Barton had been given a job to do, one death to end war, but instead he bargained. He lived up to the name he had chosen. Hawkeye: the one who watched, the one who killed swiftly, but only when necessary.

In the dark garden in Paris the voice came again. “You don’t have to let them control you.”

Her voice was unmoved. “We are all controlled.” Or would be soon. That was the way the world was moving. Monitoring threats. Pre-emptive strikes. Russia, America, HYDRA, SHIELD, they were all the same.

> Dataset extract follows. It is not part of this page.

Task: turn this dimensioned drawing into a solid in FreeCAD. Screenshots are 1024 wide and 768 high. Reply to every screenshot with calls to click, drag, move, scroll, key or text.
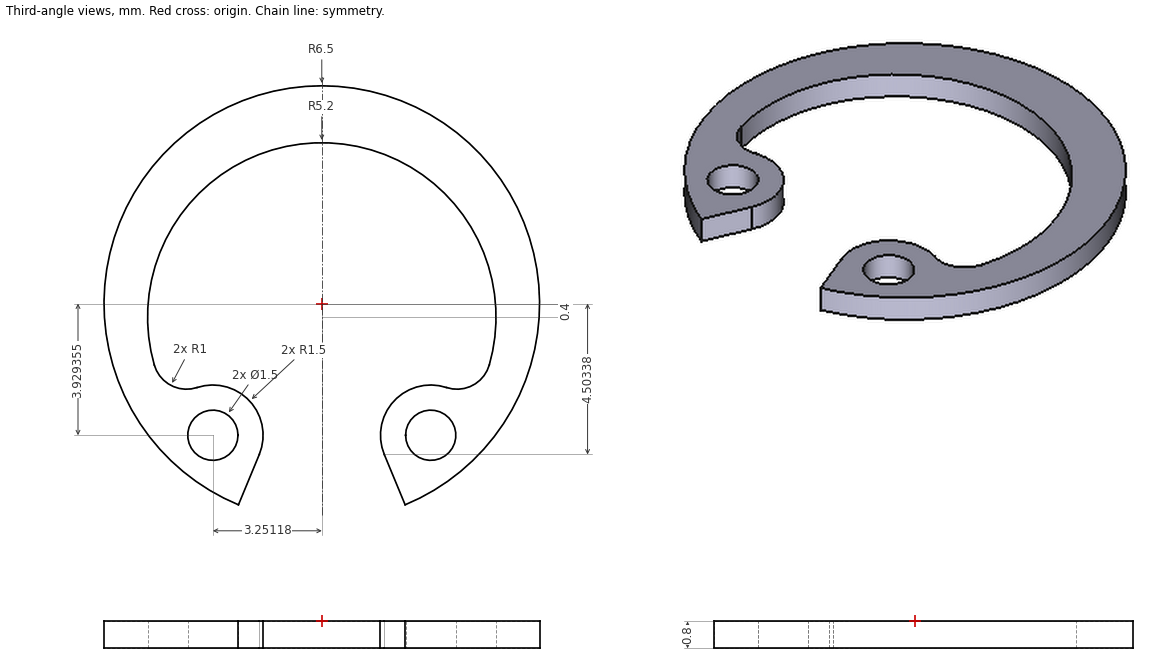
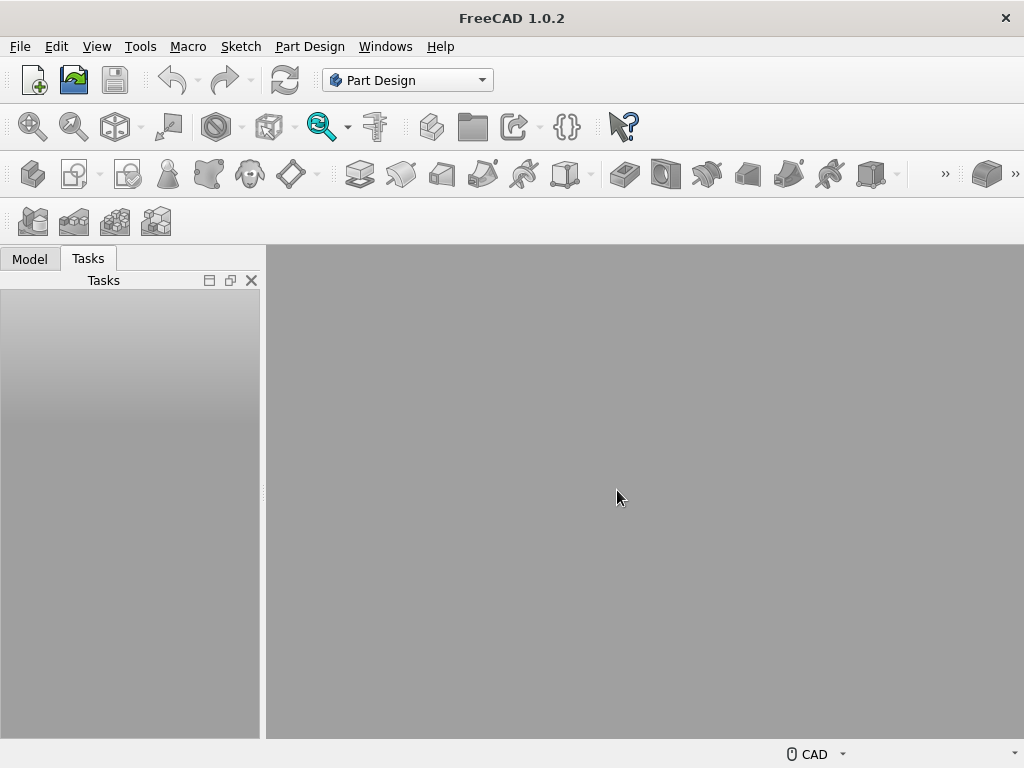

“I guess we are.” The voice fell silent. She stood in the garden and waited, listening to lone voices drift in from place du Parvis Notre Dame.

 

> **”Regimes fall every day.” The truth came, matter of fact, unconcerned. “I tend not to weep over that, I’m Russian… or was.“**
> 
> **Loki paused as if considering a chess move. “And what are you now?”**

Long ago by Notre Dame, Death asked a different question. “What do you want?”

She pondered and her eyes passed over the rose window, grey in the night, past the skyline and past the great roof. She tilted her head back further, straight up into the Parisian sky. It was blank, no stars could be seen.

She wanted nothing because there was nothing to want. She merely existed. And yet that answer did not satisfy her. She murmured gently into the dark. “I don’t know.”

Her eyes travelled back down, along the skyline, over the Portico. She knew what carving was there, though it was invisible; Stephen forever dying under a hail of stones. She believed then (and believed now) that Stephen died for a fantasy. Suddenly she wanted that, craved it. How precious to know what you wanted, even if it was foolish, even if it got you killed.

“I don’t know what I want,” she said, her voice louder.

“Do you want to find out?” said Death. She paused to think and answered, “Yes.”

She waited a long time in the garden, for word to go up the chain of command. In another organisation the answer would have come back to her as a bullet through her brain, but Nick Fury had an appetite for risk that was unusual, perhaps unique. Finally she heard a movement behind her. A figure approached, a man whose face she had not seen before, dressed in black leathers with a bow over his shoulder. He came forward and extended a hand which she took.

“Hi,” said the voice of Death. “I’m Clint Barton. Welcome to SHIELD.”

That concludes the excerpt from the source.